▶ _What needs to be done_
Where a picture appears, leave it out, and print the rest of the records as they are.

▶ _Extracted data entries_
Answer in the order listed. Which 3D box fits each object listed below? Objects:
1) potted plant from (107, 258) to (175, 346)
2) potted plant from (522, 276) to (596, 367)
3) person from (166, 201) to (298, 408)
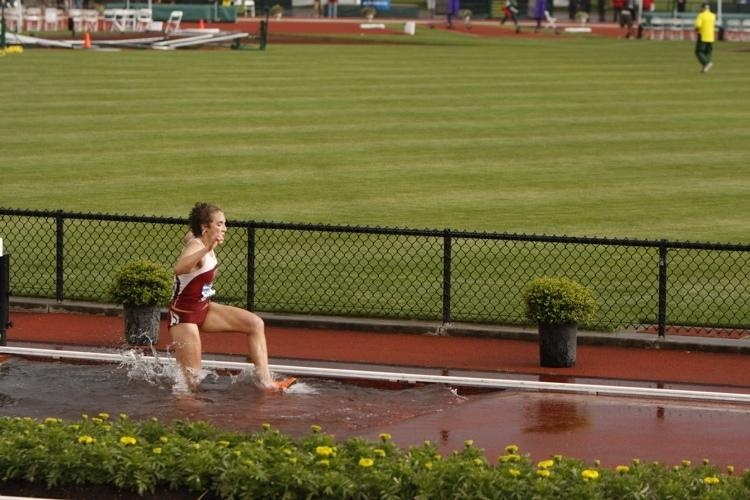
[{"bbox_3d":[-4.029,0.883,28.881,1.185,1.231,1.149,-7,-15,19],"label":"potted plant"},{"bbox_3d":[3.245,1.234,28.442,1.414,1.560,1.553,4,-15,-1],"label":"potted plant"},{"bbox_3d":[-2.538,0.750,26.670,1.587,2.991,0.548,0,14,-4],"label":"person"}]
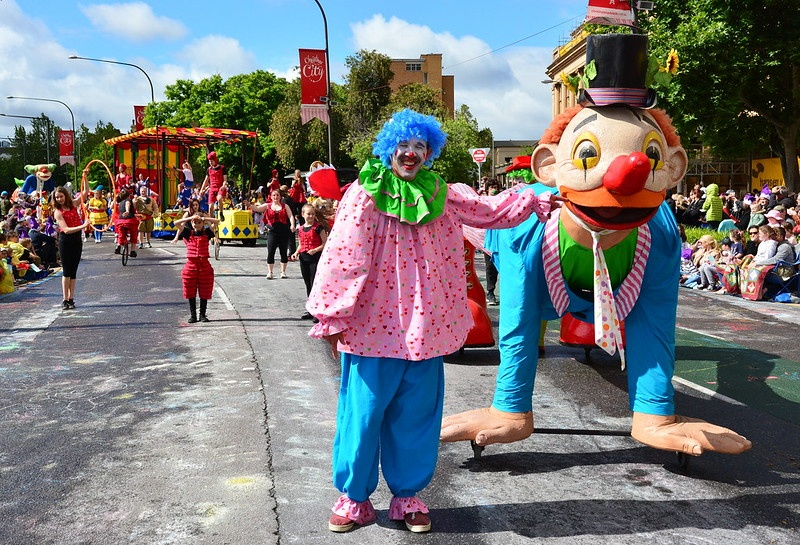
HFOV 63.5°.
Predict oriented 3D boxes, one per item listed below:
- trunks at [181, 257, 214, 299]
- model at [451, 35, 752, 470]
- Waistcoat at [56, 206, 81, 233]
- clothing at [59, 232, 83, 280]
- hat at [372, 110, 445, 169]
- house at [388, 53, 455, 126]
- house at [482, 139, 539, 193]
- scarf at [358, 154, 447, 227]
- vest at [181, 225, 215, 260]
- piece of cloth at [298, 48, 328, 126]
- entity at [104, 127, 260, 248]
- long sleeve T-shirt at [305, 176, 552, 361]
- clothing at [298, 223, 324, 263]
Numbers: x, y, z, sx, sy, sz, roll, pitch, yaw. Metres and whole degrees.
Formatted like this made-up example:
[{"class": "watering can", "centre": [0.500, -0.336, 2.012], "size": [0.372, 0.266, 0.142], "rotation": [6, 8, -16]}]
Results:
[{"class": "trunks", "centre": [-3.018, 0.060, 9.670], "size": [0.452, 0.624, 0.280], "rotation": [4, 21, -11]}, {"class": "model", "centre": [1.655, -0.243, 6.380], "size": [2.256, 3.283, 4.067], "rotation": [1, 5, 9]}, {"class": "Waistcoat", "centre": [-5.321, -0.845, 10.353], "size": [0.236, 0.436, 0.341], "rotation": [-21, -1, 32]}, {"class": "clothing", "centre": [-5.395, -0.274, 10.603], "size": [0.339, 0.829, 0.426], "rotation": [-7, 16, -26]}, {"class": "hat", "centre": [0.065, -0.870, 4.364], "size": [0.406, 0.283, 0.430], "rotation": [1, 5, -8]}, {"class": "house", "centre": [2.407, -20.764, 74.260], "size": [7.343, 6.923, 4.316], "rotation": [0, 0, 3]}, {"class": "house", "centre": [16.363, -16.961, 99.316], "size": [4.699, 6.519, 5.442], "rotation": [3, 12, 5]}, {"class": "scarf", "centre": [-0.002, -0.526, 4.318], "size": [0.507, 0.467, 0.151], "rotation": [25, -34, -9]}, {"class": "vest", "centre": [-3.032, -0.457, 9.694], "size": [0.438, 0.435, 0.511], "rotation": [-5, 15, -19]}, {"class": "piece of cloth", "centre": [-2.875, -6.220, 21.565], "size": [1.051, 2.333, 0.155], "rotation": [-7, 13, -28]}, {"class": "entity", "centre": [-10.071, -4.192, 29.913], "size": [3.774, 4.261, 6.235], "rotation": [9, 13, 39]}, {"class": "long sleeve T-shirt", "centre": [0.236, -0.054, 4.540], "size": [1.645, 1.192, 0.839], "rotation": [-3, 6, -4]}, {"class": "clothing", "centre": [-1.474, -0.545, 10.470], "size": [0.385, 0.505, 0.283], "rotation": [0, -4, 25]}]
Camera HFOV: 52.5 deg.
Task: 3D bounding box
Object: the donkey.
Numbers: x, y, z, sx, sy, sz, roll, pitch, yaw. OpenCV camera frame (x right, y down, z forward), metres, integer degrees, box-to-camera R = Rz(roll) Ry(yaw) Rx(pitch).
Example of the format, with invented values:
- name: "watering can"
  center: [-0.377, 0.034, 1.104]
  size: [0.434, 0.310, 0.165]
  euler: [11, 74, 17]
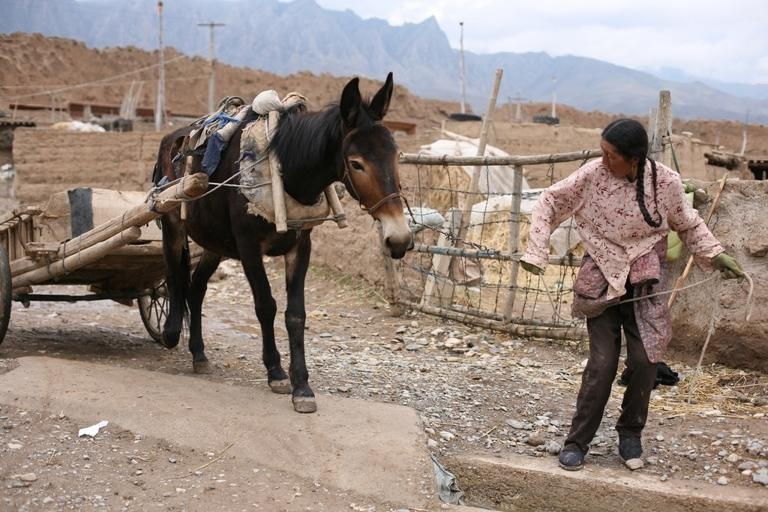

▶ _Written solution_
Answer in the order listed. Which 3D box fits each object listed below? Objects:
1) potted plant from (107, 258) to (175, 346)
2) potted plant from (522, 276) to (596, 367)
3) person from (166, 201) to (298, 408)
[{"bbox_3d":[-4.029,0.883,28.881,1.185,1.231,1.149,-7,-15,19],"label":"potted plant"},{"bbox_3d":[3.245,1.234,28.442,1.414,1.560,1.553,4,-15,-1],"label":"potted plant"},{"bbox_3d":[-2.538,0.750,26.670,1.587,2.991,0.548,0,14,-4],"label":"person"}]
HFOV 63.5°.
Predict oriented 3D boxes, one per item listed below:
- trunks at [181, 257, 214, 299]
- model at [451, 35, 752, 470]
- Waistcoat at [56, 206, 81, 233]
- clothing at [59, 232, 83, 280]
- hat at [372, 110, 445, 169]
- house at [388, 53, 455, 126]
- house at [482, 139, 539, 193]
- scarf at [358, 154, 447, 227]
- vest at [181, 225, 215, 260]
- piece of cloth at [298, 48, 328, 126]
- entity at [104, 127, 260, 248]
- long sleeve T-shirt at [305, 176, 552, 361]
- clothing at [298, 223, 324, 263]
Numbers: x, y, z, sx, sy, sz, roll, pitch, yaw. Metres and whole degrees.
Formatted like this made-up example:
[{"class": "watering can", "centre": [0.500, -0.336, 2.012], "size": [0.372, 0.266, 0.142], "rotation": [6, 8, -16]}]
Results:
[{"class": "trunks", "centre": [-3.018, 0.060, 9.670], "size": [0.452, 0.624, 0.280], "rotation": [4, 21, -11]}, {"class": "model", "centre": [1.655, -0.243, 6.380], "size": [2.256, 3.283, 4.067], "rotation": [1, 5, 9]}, {"class": "Waistcoat", "centre": [-5.321, -0.845, 10.353], "size": [0.236, 0.436, 0.341], "rotation": [-21, -1, 32]}, {"class": "clothing", "centre": [-5.395, -0.274, 10.603], "size": [0.339, 0.829, 0.426], "rotation": [-7, 16, -26]}, {"class": "hat", "centre": [0.065, -0.870, 4.364], "size": [0.406, 0.283, 0.430], "rotation": [1, 5, -8]}, {"class": "house", "centre": [2.407, -20.764, 74.260], "size": [7.343, 6.923, 4.316], "rotation": [0, 0, 3]}, {"class": "house", "centre": [16.363, -16.961, 99.316], "size": [4.699, 6.519, 5.442], "rotation": [3, 12, 5]}, {"class": "scarf", "centre": [-0.002, -0.526, 4.318], "size": [0.507, 0.467, 0.151], "rotation": [25, -34, -9]}, {"class": "vest", "centre": [-3.032, -0.457, 9.694], "size": [0.438, 0.435, 0.511], "rotation": [-5, 15, -19]}, {"class": "piece of cloth", "centre": [-2.875, -6.220, 21.565], "size": [1.051, 2.333, 0.155], "rotation": [-7, 13, -28]}, {"class": "entity", "centre": [-10.071, -4.192, 29.913], "size": [3.774, 4.261, 6.235], "rotation": [9, 13, 39]}, {"class": "long sleeve T-shirt", "centre": [0.236, -0.054, 4.540], "size": [1.645, 1.192, 0.839], "rotation": [-3, 6, -4]}, {"class": "clothing", "centre": [-1.474, -0.545, 10.470], "size": [0.385, 0.505, 0.283], "rotation": [0, -4, 25]}]
Camera HFOV: 52.5 deg.
Task: 3D bounding box
Object: the donkey.
Numbers: x, y, z, sx, sy, sz, roll, pitch, yaw. OpenCV camera frame (x right, y down, z forward), metres, integer degrees, box-to-camera R = Rz(roll) Ry(yaw) Rx(pitch).
Example of the format, with invented values:
- name: "watering can"
  center: [-0.377, 0.034, 1.104]
  size: [0.434, 0.310, 0.165]
  euler: [11, 74, 17]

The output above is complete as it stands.